As we have noted before, right-wing groups around the country are inundating judicial candidates with questionnaires demanding to know their views on everything from the right to choose to marriage equality.
There has been some debate in Florida about whether it is appropriate for candidates running for seats on local courts to answer these questions since doing so could create the appearance of having pre-judged issues that might come before them should they win election to the bench.
Focus on the Family is reporting that the state’s Judicial Ethics Advisory Committee has decided that judicial candidates can indeed answer such questions
The Florida Supreme Court Judicial Ethics Advisory Committee notified judicial candidates that it’s OK to answer questions and express their views to assist voters in making educated choices.
The resolution came in response to an inquiry whether candidates should respond to questionnaires from the Florida Family Policy Council and the Christian Coalition of Florida.
The six-page decision indicated that “answers do not constitute a promise that the candidate will rule a certain way in a case.”
James Bopp, Jr., counsel for the James Madison Center for Free Speech, said the committee’s decision echoes the First Amendment.
“This is a victory for all involved,” he said. “Judicial candidates can exercise their First Amendment right to speak, and voters can make informed decisions about whom to vote for on election day.”
If you were just to have read FOF’s report, you’d have no idea that the Advisory Committee’s decision was actually far more measured
A Florida judicial ethics panel once again has left judicial candidates more or less on their own in deciding whether to respond to questionnaires from special interest groups that seek to pin down their views on hot-button social, political and legal issues.

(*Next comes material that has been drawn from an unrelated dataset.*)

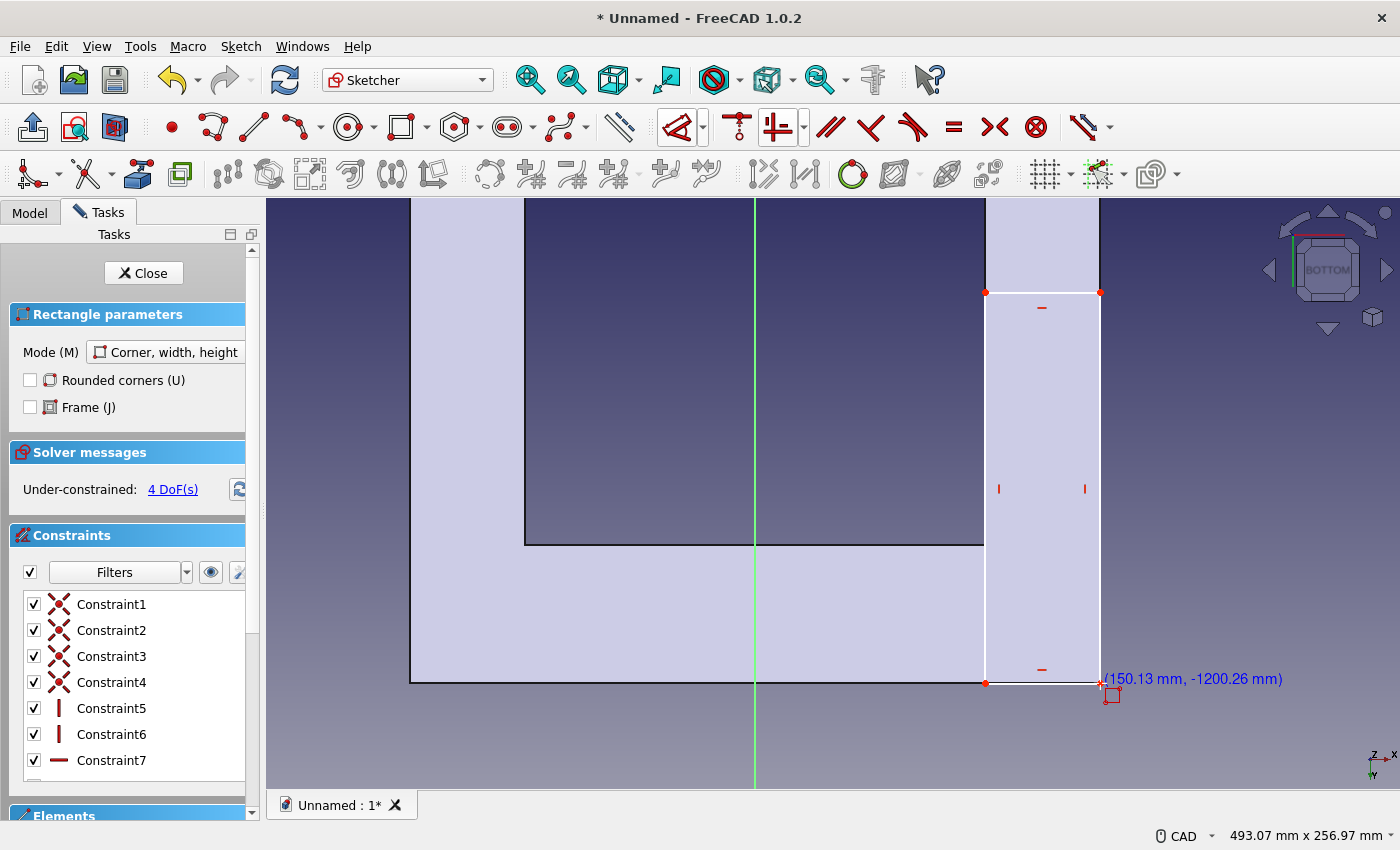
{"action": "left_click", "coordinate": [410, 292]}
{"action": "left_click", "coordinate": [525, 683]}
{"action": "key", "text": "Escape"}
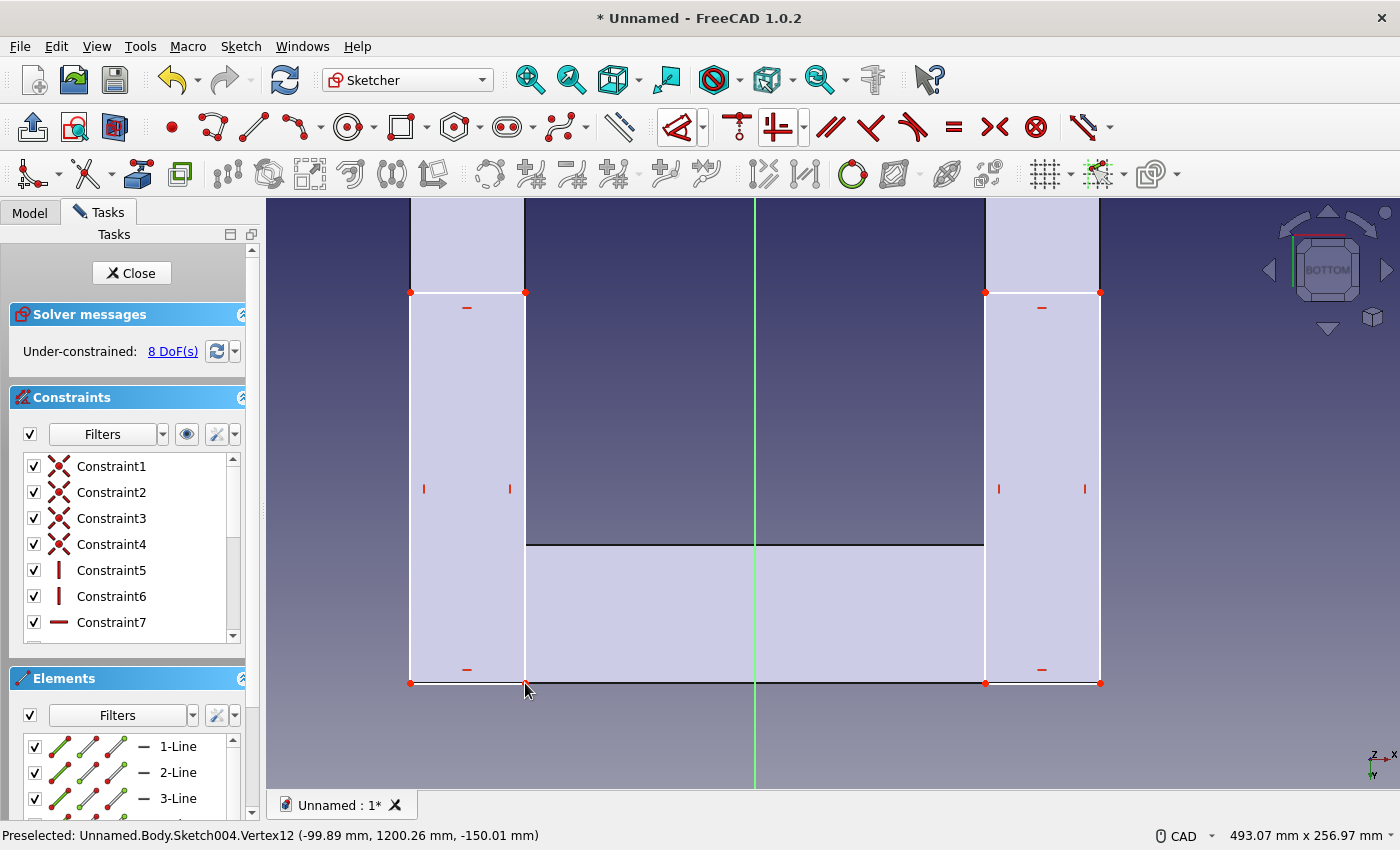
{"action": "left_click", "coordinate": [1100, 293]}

In response to requests from candidates for guidance, the Judicial Ethics Advisory Committee reiterated Monday that judicial candidates can respond to such surveys as long as they make it clear that their answers are not promises of future rulings. It previously took a similar position.
The 12-member committee, chaired by 1st District Court of Appeal Judge Robert Benton II, said the state Code of Judicial Conduct does not prevent candidates from making statements on “general judicial philosophy.”
“Judicial opinions on most controversial legal issues will have been the subject of scholarly analysis (e.g., law review articles), from which endeavor judges are not barred,” the committee wrote.
But the committee cautioned candidates that there is a thin line between publicly announcing their opinions and violating the state rule against committing to a particular judicial position. “It must be remembered that, when considering motions for disqualification, the ‘eye of the beholder’ is the primary focus,” the committee wrote.
Four of the committee members took a slightly stronger position, stating that refusing to answer judicial survey questions “might be an ethical imperative.”
The Judicial Ethics Advisory Committee opinion stated that candidates who choose to respond to these surveys must “clearly indicate” that they will follow the law and legal precedents regardless of their personal opinions. Trial court judges are required to follow higher court precedents — including the Florida Supreme Court rulings about which the candidates are being asked their opinions.
The Judicial Ethics Advisory Committee’s actual decision reads
[ISSUE] May a candidate for judicial office respond to questionnaires which cover such subjects as same-sex marriage, parental notification, and school vouchers, and whether the candidate agrees or disagrees with recent court decisions?
ANSWER: Yes, so long as (1) the candidate clearly indicates that the answers do not constitute a promise that the candidate will rule a certain way in a case; (2) the candidate clearly acknowledges the obligation to follow binding legal precedent anywhere it exists; (3) the candidate does not appear to endorse any other individual who is likely to stand for election to or retention in any public office or any platform of a political party; and (4) any commentary on past judicial decisions is analytical, informed, respectful, and dignified.
That is a little different than FOF’s cursory “they said it’s okay to answer our questions” interpretation.